If you bought your mortgage protection from a high street lender or bank, you are probably paying way too much for it. The good news is that you might be able to get rid of your policy and get insurance from a separate company.
Mortgage protection is a big business, and high street banks and lenders know this. They know this so well that they often sneakily add mortgage payment protection to your mortgage. Some people might try to convince you that the cover is necessary for you to get the mortgage. But it's not required right now, and you can choose to buy it on your own if you want to. Most of the time, the best way to get mortgage protection is from a company that works on its own. They have some of the cheapest policies and high-quality products, and a good provider should give you good advice that keeps you from getting ripped off.

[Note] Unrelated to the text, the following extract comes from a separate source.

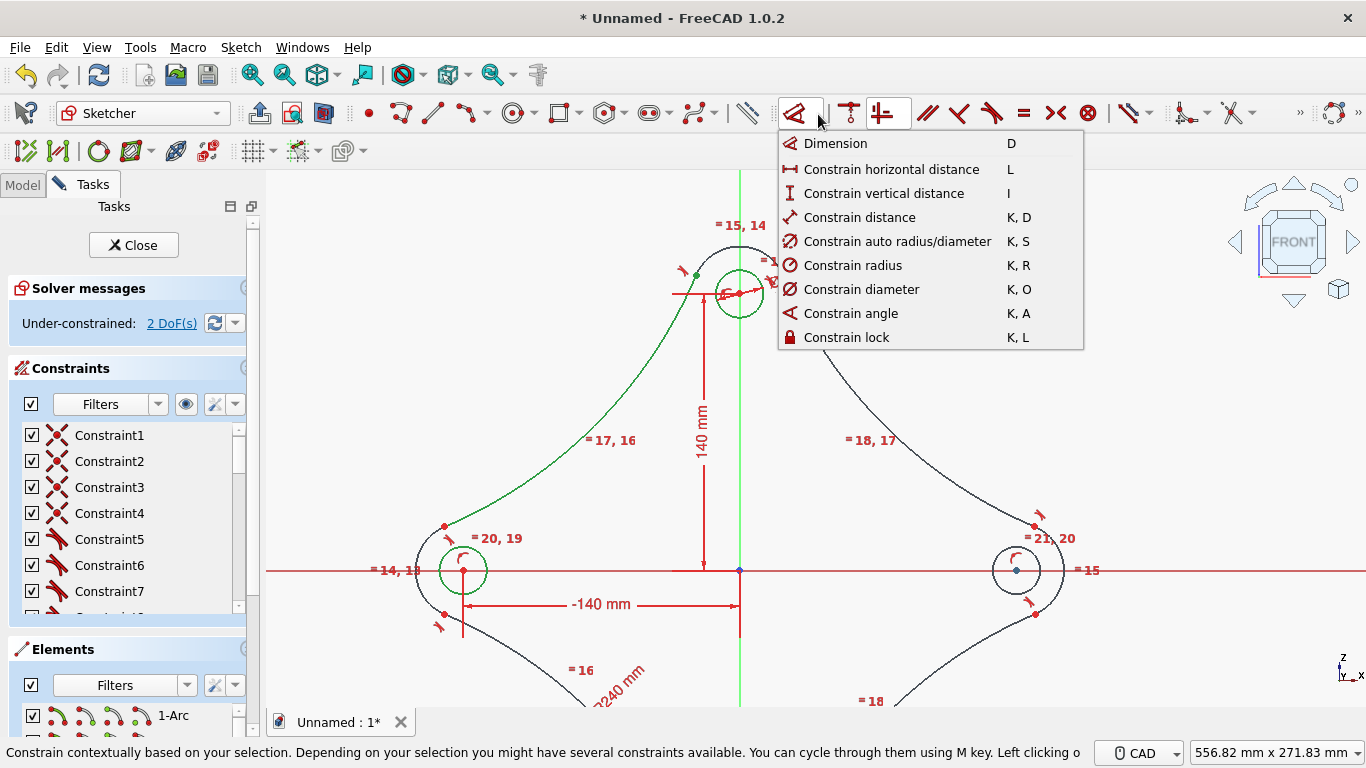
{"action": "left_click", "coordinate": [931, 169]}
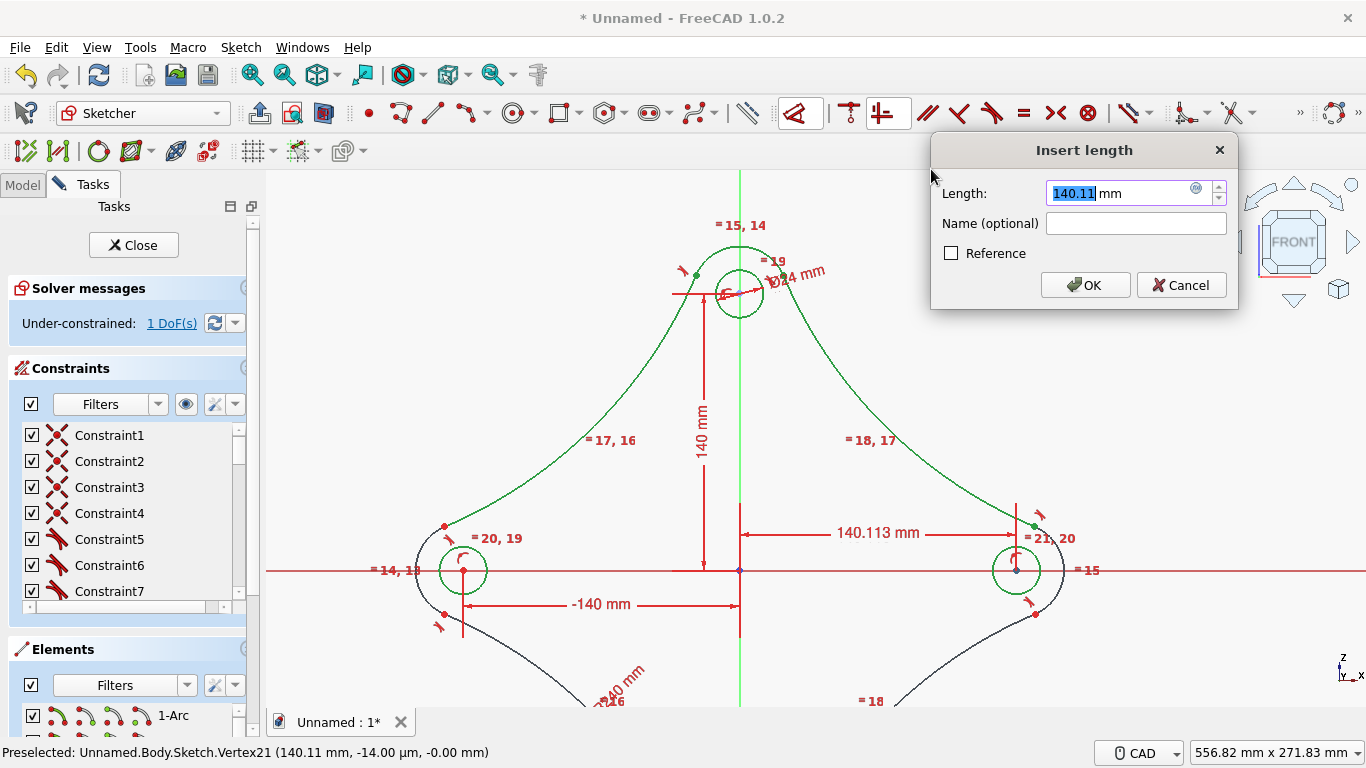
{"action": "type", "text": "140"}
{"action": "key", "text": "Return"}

A mortgage payment protection policy is taken out in case you can't work because of an accident, illness, or being laid off. It will pay out for a set amount of time, usually up to 12 months but in some cases up to 24 months. If you haven't worked for about 30 days (or 90 days with some lower-quality policies), the cover will make sure you have enough money to pay your monthly mortgage payments, so you won't lose your home.
Aside from the lower premium rates that a standalone provider charges, one of the best things about them is that they know their business. If you need a loan and want the best rates, you should go to a high street lender. But if the insurance is going to cover the mortgage, it has to be from a separate company.
So, when you go to the bank for a mortgage, you should get the best deal they can offer, but you should also do your research and insist that you will pay for the mortgage insurance cover yourself and go elsewhere. If you don't, you might be paying too much for the insurance on your mortgage.